The input graph. Edge directions are ignored in directed graphs.

weights

The weights of the edges. It must be a positive numeric vector, NULL or NA. If it is NULL and the input graph has a ‘weight’ edge attribute, then that attribute will be used. If NULL and no such attribute is present, then the edges will have equal weights. Set this to NA if the graph was a ‘weight’ edge attribute, but you don't want to use it for community detection. A larger edge weight means a stronger connection for this function.

vertex

This parameter can be used to calculate the community of a given vertex without calculating all communities. Note that if this argument is present then some other arguments are ignored.

spins

Integer constant, the number of spins to use. This is the upper limit for the number of communities. It is not a problem to supply a (reasonably) big number here, in which case some spin states will be unpopulated.

parupdate

Logical constant, whether to update the spins of the vertices in parallel (synchronously) or not. This argument is ignored if the second form of the function is used (i.e. the ‘vertex’ argument is present). It is also not implemented in the “neg” implementation.

start.temp

Real constant, the start temperature. This argument is ignored if the second form of the function is used (i.e. the ‘vertex’ argument is present).

stop.temp

Real constant, the stop temperature. The simulation terminates if the temperature lowers below this level. This argument is ignored if the second form of the function is used (i.e. the ‘vertex’ argument is present).

cool.fact

Cooling factor for the simulated annealing. This argument is ignored if the second form of the function is used (i.e. the ‘vertex’ argument is present).

update.rule

Character constant giving the ‘null-model’ of the simulation.
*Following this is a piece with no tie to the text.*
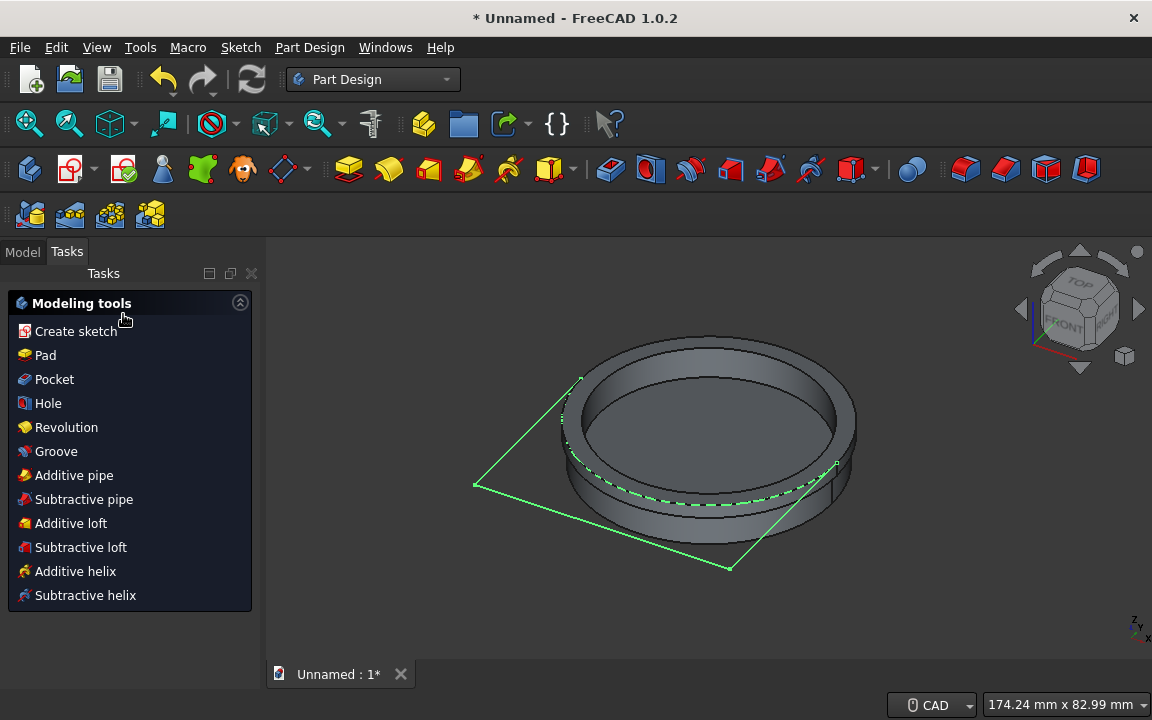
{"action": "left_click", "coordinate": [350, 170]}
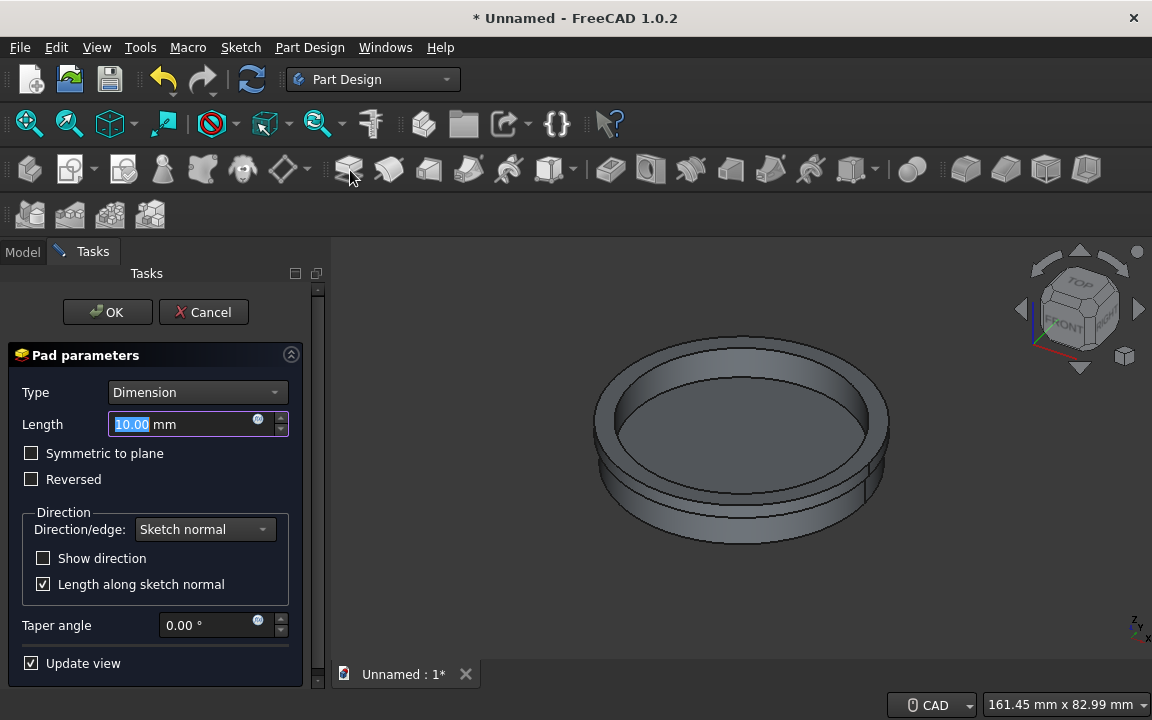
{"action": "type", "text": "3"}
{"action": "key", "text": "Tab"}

Possible values: “simple” and “config”. “simple” uses a random graph with the same number of edges as the baseline probability and “config” uses a random graph with the same vertex degrees as the input graph.

gamma

Real constant, the gamma argument of the algorithm. This specifies the balance between the importance of present and non-present edges in a community. Roughly, a comunity is a set of vertices having many edges inside the community and few edges outside the community. The default 1.0 value makes existing and non-existing links equally important. Smaller values make the existing links, greater values the missing links more important.

implementation

Character scalar. Currently igraph contains two implementations for the Spin-glass community finding algorithm. The faster original implementation is the default. The other implementation, that takes into account negative weights, can be chosen by supplying ‘neg’ here.

gamma.minus

Real constant, the gamma.minus parameter of the algorithm. This specifies the balance between the importance of present and non-present negative weighted edges in a community. Smaller values of gamma.minus, leads to communities with lesser negative intra-connectivity. If this argument is set to zero, the algorithm reduces to a graph coloring algorithm, using the number of spins as the number of colors. This argument is ignored if the ‘orig’ implementation is chosen.

Value

If the vertex argument is not given, i.e. the first form is used then a cluster_spinglass() returns a communities() object.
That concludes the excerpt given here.